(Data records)
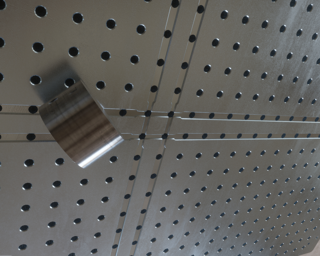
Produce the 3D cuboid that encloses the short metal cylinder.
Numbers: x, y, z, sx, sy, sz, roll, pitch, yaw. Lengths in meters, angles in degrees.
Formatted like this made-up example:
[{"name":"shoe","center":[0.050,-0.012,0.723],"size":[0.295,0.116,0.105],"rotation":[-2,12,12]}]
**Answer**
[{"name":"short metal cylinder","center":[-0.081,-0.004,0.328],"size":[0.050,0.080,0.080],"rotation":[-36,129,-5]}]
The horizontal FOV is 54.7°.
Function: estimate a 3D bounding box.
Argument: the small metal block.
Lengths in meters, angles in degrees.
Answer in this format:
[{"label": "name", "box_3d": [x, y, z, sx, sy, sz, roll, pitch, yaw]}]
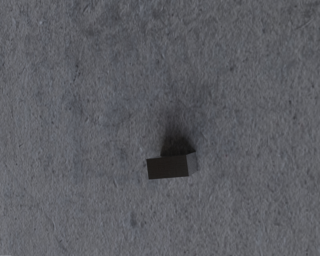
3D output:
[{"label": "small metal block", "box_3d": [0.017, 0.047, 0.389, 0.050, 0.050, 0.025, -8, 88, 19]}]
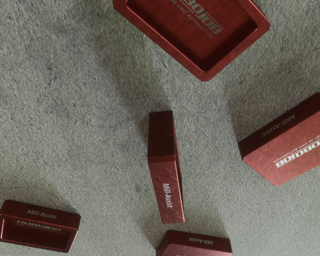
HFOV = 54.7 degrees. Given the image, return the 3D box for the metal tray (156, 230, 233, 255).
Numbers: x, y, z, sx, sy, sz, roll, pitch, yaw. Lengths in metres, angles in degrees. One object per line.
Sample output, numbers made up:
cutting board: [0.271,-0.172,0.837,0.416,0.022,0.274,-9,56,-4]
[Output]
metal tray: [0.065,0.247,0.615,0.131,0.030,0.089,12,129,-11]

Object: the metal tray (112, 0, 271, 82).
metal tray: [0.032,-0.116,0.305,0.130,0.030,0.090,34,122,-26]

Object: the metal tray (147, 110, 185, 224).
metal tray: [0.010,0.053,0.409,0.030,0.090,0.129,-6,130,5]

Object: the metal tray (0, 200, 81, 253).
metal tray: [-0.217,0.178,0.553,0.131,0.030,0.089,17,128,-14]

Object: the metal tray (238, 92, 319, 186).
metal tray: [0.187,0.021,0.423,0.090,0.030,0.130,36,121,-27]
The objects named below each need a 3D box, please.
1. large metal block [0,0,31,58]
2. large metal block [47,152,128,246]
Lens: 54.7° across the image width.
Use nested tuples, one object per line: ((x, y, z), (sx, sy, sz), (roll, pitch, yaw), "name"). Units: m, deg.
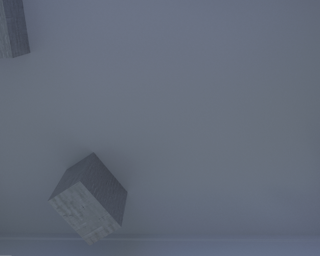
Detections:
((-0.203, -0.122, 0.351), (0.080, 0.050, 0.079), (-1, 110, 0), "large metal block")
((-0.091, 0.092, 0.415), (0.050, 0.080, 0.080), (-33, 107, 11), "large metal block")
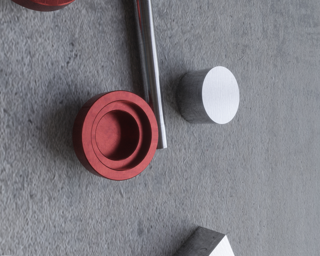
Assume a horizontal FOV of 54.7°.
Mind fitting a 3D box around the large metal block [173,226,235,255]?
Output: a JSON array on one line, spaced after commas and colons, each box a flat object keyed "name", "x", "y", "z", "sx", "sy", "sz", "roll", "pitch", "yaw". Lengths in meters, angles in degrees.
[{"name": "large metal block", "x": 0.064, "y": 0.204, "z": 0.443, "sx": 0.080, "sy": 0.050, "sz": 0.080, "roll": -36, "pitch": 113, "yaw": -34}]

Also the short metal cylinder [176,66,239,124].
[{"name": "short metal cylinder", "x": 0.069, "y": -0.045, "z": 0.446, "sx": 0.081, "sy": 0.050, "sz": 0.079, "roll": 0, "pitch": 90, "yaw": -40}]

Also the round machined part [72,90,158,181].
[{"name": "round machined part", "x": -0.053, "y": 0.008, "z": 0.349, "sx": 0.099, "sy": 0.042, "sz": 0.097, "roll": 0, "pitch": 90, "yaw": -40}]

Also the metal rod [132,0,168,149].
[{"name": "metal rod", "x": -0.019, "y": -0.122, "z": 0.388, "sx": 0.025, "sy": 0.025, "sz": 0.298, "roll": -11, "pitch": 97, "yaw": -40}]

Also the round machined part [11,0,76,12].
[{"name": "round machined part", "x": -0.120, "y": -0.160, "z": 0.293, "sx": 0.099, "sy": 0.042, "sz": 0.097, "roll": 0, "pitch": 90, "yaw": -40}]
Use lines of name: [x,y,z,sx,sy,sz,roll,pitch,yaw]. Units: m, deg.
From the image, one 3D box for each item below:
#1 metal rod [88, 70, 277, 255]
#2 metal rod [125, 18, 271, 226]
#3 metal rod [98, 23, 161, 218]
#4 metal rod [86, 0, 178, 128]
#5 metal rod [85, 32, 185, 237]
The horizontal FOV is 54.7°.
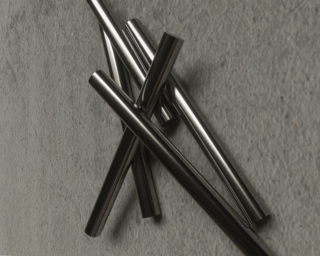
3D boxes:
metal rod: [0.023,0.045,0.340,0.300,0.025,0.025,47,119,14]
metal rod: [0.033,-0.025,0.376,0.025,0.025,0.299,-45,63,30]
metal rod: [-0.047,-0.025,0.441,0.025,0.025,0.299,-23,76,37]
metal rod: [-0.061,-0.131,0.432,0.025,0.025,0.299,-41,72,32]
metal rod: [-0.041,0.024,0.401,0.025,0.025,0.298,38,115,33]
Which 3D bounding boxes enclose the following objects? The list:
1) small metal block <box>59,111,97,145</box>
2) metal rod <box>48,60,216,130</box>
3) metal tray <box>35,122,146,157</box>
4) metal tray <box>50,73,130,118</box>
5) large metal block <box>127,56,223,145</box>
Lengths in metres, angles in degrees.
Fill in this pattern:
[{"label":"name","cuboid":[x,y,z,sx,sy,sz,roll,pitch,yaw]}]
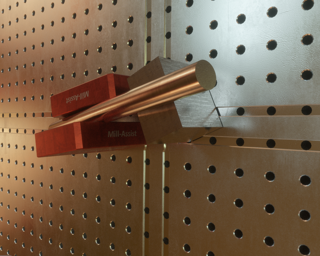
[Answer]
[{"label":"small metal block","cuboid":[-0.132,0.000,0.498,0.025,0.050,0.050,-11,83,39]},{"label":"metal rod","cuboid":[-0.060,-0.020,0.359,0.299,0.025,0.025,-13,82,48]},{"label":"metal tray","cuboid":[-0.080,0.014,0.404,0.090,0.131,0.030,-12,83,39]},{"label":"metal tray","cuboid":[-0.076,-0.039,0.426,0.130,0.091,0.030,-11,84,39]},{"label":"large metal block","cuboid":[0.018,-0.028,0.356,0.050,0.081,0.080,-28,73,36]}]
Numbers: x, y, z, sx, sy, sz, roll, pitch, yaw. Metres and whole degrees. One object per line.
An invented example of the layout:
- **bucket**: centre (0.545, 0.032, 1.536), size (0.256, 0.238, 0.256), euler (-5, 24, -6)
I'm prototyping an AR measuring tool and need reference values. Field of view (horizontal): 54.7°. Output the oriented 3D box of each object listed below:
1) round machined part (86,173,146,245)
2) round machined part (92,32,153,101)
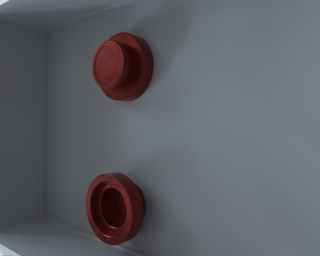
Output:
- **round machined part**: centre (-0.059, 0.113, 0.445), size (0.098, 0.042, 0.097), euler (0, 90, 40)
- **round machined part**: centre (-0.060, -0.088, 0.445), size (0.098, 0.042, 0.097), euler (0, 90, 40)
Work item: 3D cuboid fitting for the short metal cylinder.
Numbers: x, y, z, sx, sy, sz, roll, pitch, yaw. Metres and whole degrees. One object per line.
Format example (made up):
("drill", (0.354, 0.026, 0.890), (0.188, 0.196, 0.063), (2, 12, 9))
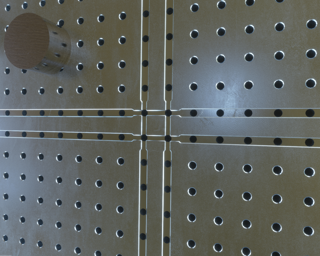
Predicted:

→ What is required
Return all of the entries exactly as written, but drop any pictures they hold.

→ Result below
Produce the 3D cuboid that encloses the short metal cylinder.
Numbers: x, y, z, sx, sy, sz, roll, pitch, yaw. Lengths in meters, angles in degrees.
Formatted like this made-up example:
[{"name":"shoe","center":[0.050,-0.012,0.723],"size":[0.295,0.116,0.105],"rotation":[-2,12,12]}]
**Answer**
[{"name":"short metal cylinder","center":[-0.081,-0.004,0.328],"size":[0.050,0.080,0.080],"rotation":[-36,129,-5]}]
The horizontal FOV is 54.7°.
Function: estimate a 3D bounding box.
Argument: the small metal block.
Lengths in meters, angles in degrees.
Answer in this format:
[{"label": "name", "box_3d": [x, y, z, sx, sy, sz, roll, pitch, yaw]}]
3D output:
[{"label": "small metal block", "box_3d": [0.017, 0.047, 0.389, 0.050, 0.050, 0.025, -8, 88, 19]}]
HFOV = 54.7 degrees. Given the image, return the 3D box for the metal tray (156, 230, 233, 255).
Numbers: x, y, z, sx, sy, sz, roll, pitch, yaw. Lengths in metres, angles in degrees. One object per line.
Sample output, numbers made up:
cutting board: [0.271,-0.172,0.837,0.416,0.022,0.274,-9,56,-4]
[Output]
metal tray: [0.065,0.247,0.615,0.131,0.030,0.089,12,129,-11]

Object: the metal tray (112, 0, 271, 82).
metal tray: [0.032,-0.116,0.305,0.130,0.030,0.090,34,122,-26]

Object: the metal tray (147, 110, 185, 224).
metal tray: [0.010,0.053,0.409,0.030,0.090,0.129,-6,130,5]

Object: the metal tray (0, 200, 81, 253).
metal tray: [-0.217,0.178,0.553,0.131,0.030,0.089,17,128,-14]

Object: the metal tray (238, 92, 319, 186).
metal tray: [0.187,0.021,0.423,0.090,0.030,0.130,36,121,-27]
The objects named below each need a 3D box, please.
1. large metal block [0,0,31,58]
2. large metal block [47,152,128,246]
Lens: 54.7° across the image width.
Use nested tuples, one object per line: ((x, y, z), (sx, sy, sz), (roll, pitch, yaw), "name"). Units: m, deg.
Detections:
((-0.203, -0.122, 0.351), (0.080, 0.050, 0.079), (-1, 110, 0), "large metal block")
((-0.091, 0.092, 0.415), (0.050, 0.080, 0.080), (-33, 107, 11), "large metal block")
Assume a horizontal FOV of 54.7°.
Mind fitting a 3D box around the large metal block [173,226,235,255]?
Output: a JSON array on one line, spaced after commas and colons, each box a flat object keyed "name", "x", "y", "z", "sx", "sy", "sz", "roll", "pitch", "yaw". Lengths in meters, angles in degrees.
[{"name": "large metal block", "x": 0.064, "y": 0.204, "z": 0.443, "sx": 0.080, "sy": 0.050, "sz": 0.080, "roll": -36, "pitch": 113, "yaw": -34}]

Also the short metal cylinder [176,66,239,124].
[{"name": "short metal cylinder", "x": 0.069, "y": -0.045, "z": 0.446, "sx": 0.081, "sy": 0.050, "sz": 0.079, "roll": 0, "pitch": 90, "yaw": -40}]

Also the round machined part [72,90,158,181].
[{"name": "round machined part", "x": -0.053, "y": 0.008, "z": 0.349, "sx": 0.099, "sy": 0.042, "sz": 0.097, "roll": 0, "pitch": 90, "yaw": -40}]

Also the metal rod [132,0,168,149].
[{"name": "metal rod", "x": -0.019, "y": -0.122, "z": 0.388, "sx": 0.025, "sy": 0.025, "sz": 0.298, "roll": -11, "pitch": 97, "yaw": -40}]

Also the round machined part [11,0,76,12].
[{"name": "round machined part", "x": -0.120, "y": -0.160, "z": 0.293, "sx": 0.099, "sy": 0.042, "sz": 0.097, "roll": 0, "pitch": 90, "yaw": -40}]
Use lines of name: [x,y,z,sx,sy,sz,roll,pitch,yaw]. Units: m, deg.
From the image, one 3D box for each item below:
#1 metal rod [88, 70, 277, 255]
#2 metal rod [125, 18, 271, 226]
#3 metal rod [98, 23, 161, 218]
#4 metal rod [86, 0, 178, 128]
#5 metal rod [85, 32, 185, 237]
The horizontal FOV is 54.7°.
3D boxes:
metal rod: [0.023,0.045,0.340,0.300,0.025,0.025,47,119,14]
metal rod: [0.033,-0.025,0.376,0.025,0.025,0.299,-45,63,30]
metal rod: [-0.047,-0.025,0.441,0.025,0.025,0.299,-23,76,37]
metal rod: [-0.061,-0.131,0.432,0.025,0.025,0.299,-41,72,32]
metal rod: [-0.041,0.024,0.401,0.025,0.025,0.298,38,115,33]
Which 3D bounding boxes enclose the following objects? The list:
1) small metal block <box>59,111,97,145</box>
2) metal rod <box>48,60,216,130</box>
3) metal tray <box>35,122,146,157</box>
4) metal tray <box>50,73,130,118</box>
5) large metal block <box>127,56,223,145</box>
Lengths in metres, angles in degrees.
Fill in this pattern:
[{"label":"name","cuboid":[x,y,z,sx,sy,sz,roll,pitch,yaw]}]
[Answer]
[{"label":"small metal block","cuboid":[-0.132,0.000,0.498,0.025,0.050,0.050,-11,83,39]},{"label":"metal rod","cuboid":[-0.060,-0.020,0.359,0.299,0.025,0.025,-13,82,48]},{"label":"metal tray","cuboid":[-0.080,0.014,0.404,0.090,0.131,0.030,-12,83,39]},{"label":"metal tray","cuboid":[-0.076,-0.039,0.426,0.130,0.091,0.030,-11,84,39]},{"label":"large metal block","cuboid":[0.018,-0.028,0.356,0.050,0.081,0.080,-28,73,36]}]
Numbers: x, y, z, sx, sy, sz, roll, pitch, yaw. Metres and whole degrees. One object per line.
An invented example of the layout:
- **bucket**: centre (0.545, 0.032, 1.536), size (0.256, 0.238, 0.256), euler (-5, 24, -6)
I'm prototyping an AR measuring tool and need reference values. Field of view (horizontal): 54.7°. Output the oriented 3D box of each object listed below:
1) round machined part (86,173,146,245)
2) round machined part (92,32,153,101)
Output:
- **round machined part**: centre (-0.059, 0.113, 0.445), size (0.098, 0.042, 0.097), euler (0, 90, 40)
- **round machined part**: centre (-0.060, -0.088, 0.445), size (0.098, 0.042, 0.097), euler (0, 90, 40)
Work item: 3D cuboid fitting for the short metal cylinder.
Numbers: x, y, z, sx, sy, sz, roll, pitch, yaw. Metres and whole degrees. One object per line.
Format example (made up):
("drill", (0.354, 0.026, 0.890), (0.188, 0.196, 0.063), (2, 12, 9))
Predicted:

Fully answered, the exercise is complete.